Delaware News

Xavier can’t solve Texas defense in 83-71 loss

KANSAS CITY, Mo. (AP) — Rodney Terry is stopped on his way to the Texas locker room after his team knocked out Xavier for a spot in the Elite Eight, with the interim coach granting a fan’s wish to have a photo by showing it too -Familiar “Hook ’em Horns” sign.

“Go get that job, coach!” the grateful fan yelled at him.

A few more wins and the people of Texas may not have a choice.

The longtime assistant made his boldest statement yet for the full-time gig, guiding the Longhorns without sick big man Dylan Disu to an 83-71 win over the Musketeers on Friday night. Tyrese Hunter scored 19 points, and Marcus Carr and Christian Bishop added 18 apiece, to move second-seeded Texas into a Final Four game for the first time in 15 years.

“I thought we played one of our best defensive games tonight that we’ve played all year,” said Terry, who took over in December when Chris Beard was suspended and ultimately fired at the following allegations of domestic violence.

“Proud of my guys and how they put their will into this game from start to finish.”

Disu, who dominated the first two games of the tournament, injured his foot in a second-round win over Penn State. He received treatment all week, and the Longhorns managed to keep it a secret until the announcement, when the big man only played a few minutes, then limped off the floor and headed straight for the cloakrooms.

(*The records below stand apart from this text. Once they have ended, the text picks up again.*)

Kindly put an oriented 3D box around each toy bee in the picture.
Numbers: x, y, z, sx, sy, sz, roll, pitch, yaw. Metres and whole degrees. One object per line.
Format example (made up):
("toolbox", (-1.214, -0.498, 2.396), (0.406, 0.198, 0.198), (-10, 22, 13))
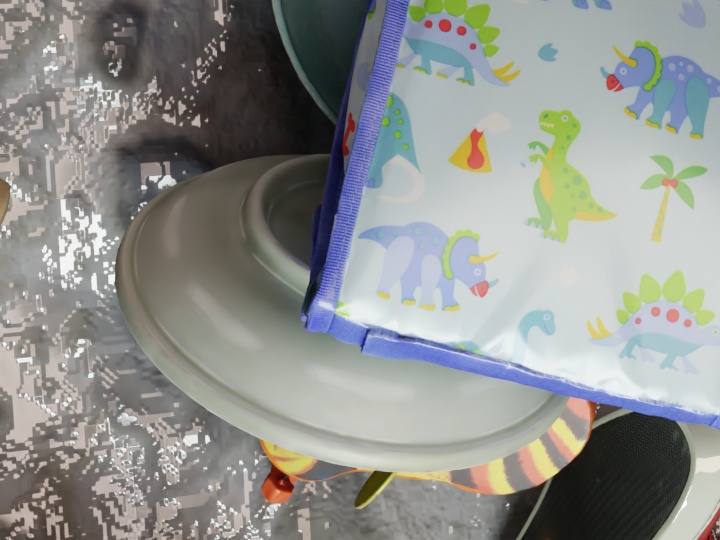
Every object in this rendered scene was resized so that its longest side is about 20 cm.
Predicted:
("toy bee", (0.001, 0.060, 0.875), (0.131, 0.200, 0.109), (-25, 138, -54))

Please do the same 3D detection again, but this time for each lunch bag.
("lunch bag", (0.076, -0.046, 0.759), (0.170, 0.127, 0.200), (13, 62, -6))

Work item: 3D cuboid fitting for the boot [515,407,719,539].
("boot", (0.156, 0.123, 0.905), (0.144, 0.200, 0.072), (1, 53, -24))

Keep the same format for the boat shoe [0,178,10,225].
("boat shoe", (-0.216, 0.037, 0.791), (0.065, 0.072, 0.200), (32, 84, -9))

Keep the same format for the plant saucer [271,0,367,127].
("plant saucer", (0.057, -0.125, 0.859), (0.200, 0.036, 0.200), (2, 79, -8))

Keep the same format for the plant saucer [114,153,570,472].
("plant saucer", (0.000, 0.000, 0.812), (0.200, 0.200, 0.050), (1, 126, -23))
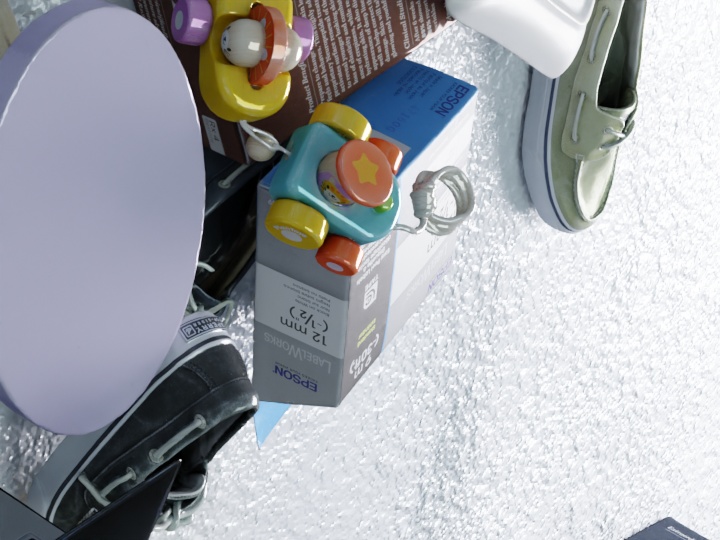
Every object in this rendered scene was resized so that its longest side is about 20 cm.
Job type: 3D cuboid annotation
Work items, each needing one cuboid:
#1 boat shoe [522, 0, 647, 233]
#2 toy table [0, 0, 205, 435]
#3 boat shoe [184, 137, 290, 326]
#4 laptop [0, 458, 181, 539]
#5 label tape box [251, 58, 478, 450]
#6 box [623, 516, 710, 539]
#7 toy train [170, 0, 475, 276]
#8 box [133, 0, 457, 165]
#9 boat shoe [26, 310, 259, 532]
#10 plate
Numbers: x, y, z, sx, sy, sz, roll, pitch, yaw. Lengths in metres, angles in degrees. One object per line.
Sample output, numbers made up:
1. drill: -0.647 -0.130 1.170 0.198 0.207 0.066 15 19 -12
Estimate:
1. boat shoe: 0.150 -0.109 1.186 0.072 0.062 0.201 -29 130 -35
2. toy table: -0.159 -0.036 0.845 0.183 0.117 0.201 0 109 -47
3. boat shoe: -0.095 0.004 0.977 0.200 0.062 0.075 -55 140 -11
4. laptop: -0.202 0.142 0.827 0.187 0.200 0.116 -31 127 -33
5. label tape box: 0.000 0.000 1.022 0.143 0.066 0.201 -49 152 -42
6. box: 0.234 0.299 1.420 0.199 0.148 0.108 -18 122 -41
7. toy train: -0.005 -0.102 0.878 0.150 0.056 0.201 -25 96 -31
8. box: -0.021 -0.154 0.971 0.200 0.075 0.101 -38 133 -31
9. boat shoe: -0.110 0.103 0.941 0.073 0.068 0.199 -15 154 -48
10. plate: 0.109 -0.224 1.035 0.199 0.032 0.201 13 85 -65
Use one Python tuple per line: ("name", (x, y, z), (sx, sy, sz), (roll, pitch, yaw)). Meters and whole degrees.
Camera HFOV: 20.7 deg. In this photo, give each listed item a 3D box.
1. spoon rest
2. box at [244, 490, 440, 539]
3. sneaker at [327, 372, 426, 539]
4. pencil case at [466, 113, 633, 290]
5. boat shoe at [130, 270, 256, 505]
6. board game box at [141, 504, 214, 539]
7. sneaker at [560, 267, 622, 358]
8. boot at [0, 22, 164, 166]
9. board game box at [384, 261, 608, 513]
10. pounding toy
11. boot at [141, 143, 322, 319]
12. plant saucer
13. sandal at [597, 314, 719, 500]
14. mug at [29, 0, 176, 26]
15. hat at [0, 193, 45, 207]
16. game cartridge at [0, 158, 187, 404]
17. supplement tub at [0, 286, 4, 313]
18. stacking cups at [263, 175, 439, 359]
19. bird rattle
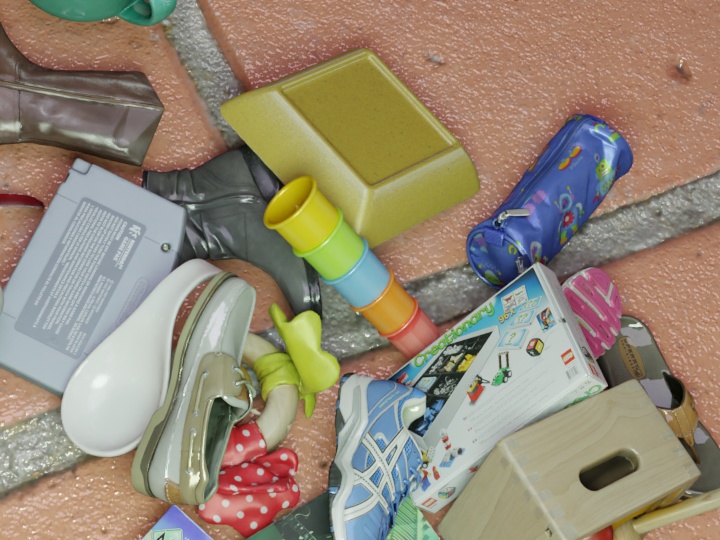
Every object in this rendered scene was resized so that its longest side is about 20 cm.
("spoon rest", (-0.181, 0.070, 1.685), (0.099, 0.061, 0.201), (25, 71, 30))
("box", (-0.022, 0.267, 1.671), (0.199, 0.036, 0.145), (-28, 70, -24))
("sneaker", (0.014, 0.177, 1.660), (0.076, 0.076, 0.202), (2, 61, 5))
("pencil case", (0.179, -0.067, 1.869), (0.078, 0.087, 0.200), (24, 56, 29))
("boat shoe", (-0.122, 0.101, 1.649), (0.068, 0.075, 0.202), (14, 77, 25))
("board game box", (-0.125, 0.307, 1.605), (0.200, 0.029, 0.135), (39, 79, 17))
("sneaker", (0.165, 0.078, 1.782), (0.074, 0.087, 0.201), (43, 58, -17))
("boot", (-0.281, -0.192, 1.864), (0.198, 0.064, 0.188), (4, 73, -5))
("board game box", (0.107, 0.102, 1.702), (0.035, 0.200, 0.127), (27, 32, -46))
("pounding toy", (0.206, 0.197, 1.659), (0.199, 0.185, 0.143), (-21, 66, -31))
("boot", (-0.120, -0.019, 1.806), (0.131, 0.070, 0.201), (-19, 59, -13))
("plant saucer", (0.000, -0.129, 1.856), (0.200, 0.049, 0.199), (47, 44, 16))
("sandal", (0.275, 0.121, 1.798), (0.081, 0.055, 0.201), (-13, 64, -17))
("mug", (-0.266, -0.304, 1.901), (0.150, 0.115, 0.187), (-6, 63, -14))
("hat", (-0.412, -0.039, 1.730), (0.200, 0.166, 0.176), (-44, 101, 2))
("game cartridge", (-0.240, 0.014, 1.749), (0.132, 0.041, 0.201), (25, 75, 8))
("supplement tub", (-0.404, 0.067, 1.644), (0.144, 0.146, 0.201), (27, 64, 5))
("stacking cups", (0.000, 0.000, 1.758), (0.200, 0.060, 0.061), (44, 54, -28))
("bird rattle", (-0.105, 0.125, 1.723), (0.162, 0.113, 0.201), (21, 72, 15))
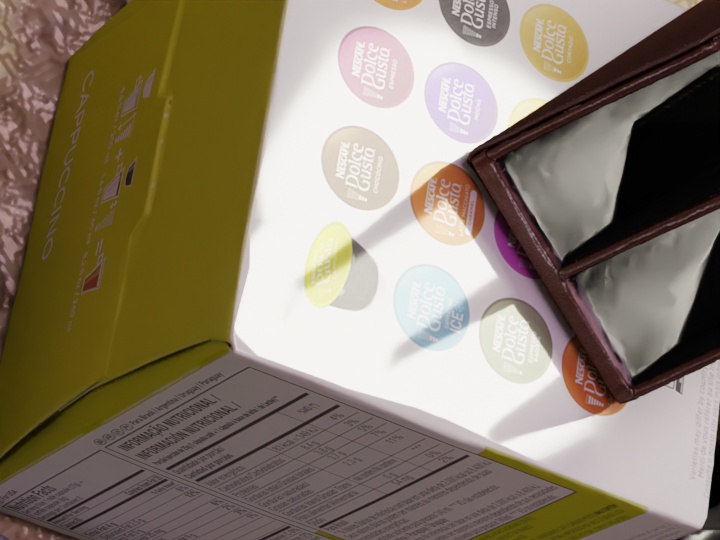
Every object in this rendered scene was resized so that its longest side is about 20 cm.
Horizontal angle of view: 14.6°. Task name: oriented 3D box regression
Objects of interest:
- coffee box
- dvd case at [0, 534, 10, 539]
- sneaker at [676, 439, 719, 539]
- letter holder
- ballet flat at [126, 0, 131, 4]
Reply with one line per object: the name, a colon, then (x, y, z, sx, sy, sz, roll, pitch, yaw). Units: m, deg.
coffee box: (0.000, 0.000, 1.034, 0.198, 0.200, 0.200, 22, 61, -25)
dvd case: (-0.164, 0.179, 0.980, 0.149, 0.016, 0.200, 32, 59, -19)
sneaker: (0.118, 0.146, 1.145, 0.090, 0.070, 0.200, 52, 50, 0)
letter holder: (0.163, -0.059, 0.949, 0.200, 0.142, 0.101, -34, 94, -38)
ballet flat: (-0.028, -0.163, 1.158, 0.072, 0.072, 0.200, 35, 57, -18)
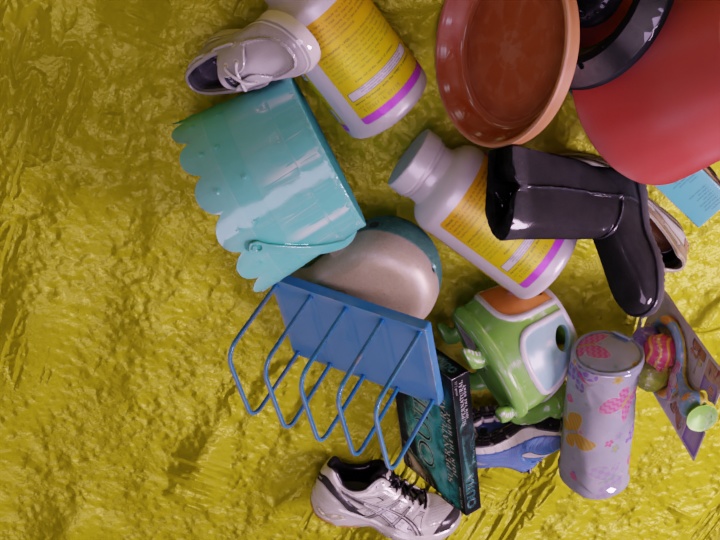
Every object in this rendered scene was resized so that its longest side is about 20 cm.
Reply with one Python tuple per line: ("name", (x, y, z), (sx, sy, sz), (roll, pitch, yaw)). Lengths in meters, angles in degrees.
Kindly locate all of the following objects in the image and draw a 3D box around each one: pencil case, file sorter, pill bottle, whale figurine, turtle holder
("pencil case", (0.279, 0.168, 1.370), (0.090, 0.083, 0.202), (-23, 129, -27))
("file sorter", (-0.027, 0.115, 1.315), (0.199, 0.123, 0.139), (17, 145, 25))
("pill bottle", (0.131, -0.065, 1.291), (0.199, 0.104, 0.104), (35, 113, -11))
("whale figurine", (0.000, 0.000, 1.358), (0.198, 0.104, 0.160), (-8, 127, 31))
("pill bottle", (-0.027, -0.238, 1.203), (0.104, 0.105, 0.200), (-33, 116, 16))
("turtle holder", (0.189, 0.102, 1.379), (0.131, 0.141, 0.186), (-32, 91, -5))

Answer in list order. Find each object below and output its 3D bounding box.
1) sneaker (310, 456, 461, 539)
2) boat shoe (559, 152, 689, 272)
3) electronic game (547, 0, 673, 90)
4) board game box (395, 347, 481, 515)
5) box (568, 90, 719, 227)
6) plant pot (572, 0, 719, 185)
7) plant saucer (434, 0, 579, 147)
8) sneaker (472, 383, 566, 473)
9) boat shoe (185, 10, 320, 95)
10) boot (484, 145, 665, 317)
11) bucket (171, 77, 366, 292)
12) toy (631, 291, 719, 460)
("sneaker", (0.038, 0.290, 1.520), (0.198, 0.076, 0.088), (9, 119, -7))
("boat shoe", (0.288, -0.064, 1.331), (0.199, 0.069, 0.075), (27, 116, -15))
("electronic game", (0.224, -0.274, 1.145), (0.041, 0.200, 0.201), (9, 123, -38))
("board game box", (0.088, 0.180, 1.429), (0.028, 0.135, 0.202), (-23, 122, -25))
("box", (0.310, -0.139, 1.281), (0.200, 0.083, 0.049), (39, 111, -21))
("plant pot", (0.334, -0.195, 1.148), (0.199, 0.177, 0.203), (4, 82, -30))
("plant saucer", (0.145, -0.222, 1.176), (0.032, 0.200, 0.202), (-1, 124, -34))
("sneaker", (0.216, 0.201, 1.486), (0.198, 0.079, 0.090), (-11, 141, 0))
("boat shoe", (-0.113, -0.206, 1.170), (0.069, 0.199, 0.072), (-50, 123, -21))
("boot", (0.217, -0.037, 1.206), (0.199, 0.166, 0.065), (6, 158, -40))
("bucket", (-0.091, -0.094, 1.232), (0.134, 0.208, 0.208), (-26, 117, 4))
("toy", (0.342, 0.108, 1.351), (0.047, 0.200, 0.116), (2, 121, -16))
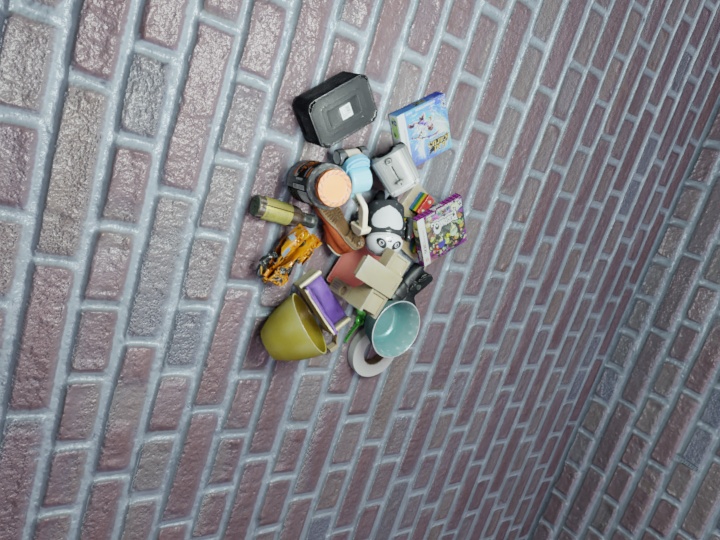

When he returned to the bench, he was wearing a chunky walking boot, a black hoodie and a grim expression.

“It will be day to day right now,” Terry said. “We have had the best in the industry work with us.”

Still, the Longhorns already had a tough job ahead of No. 5 seed Miami on Sunday night, especially given how the Hurricanes pulled off an 89-75 win over Houston. The possibility of playing without Disu, who led the Longhorns to a Big 12 Tournament title and earned MVP honors on the same floor just two weeks ago, only makes things more difficult.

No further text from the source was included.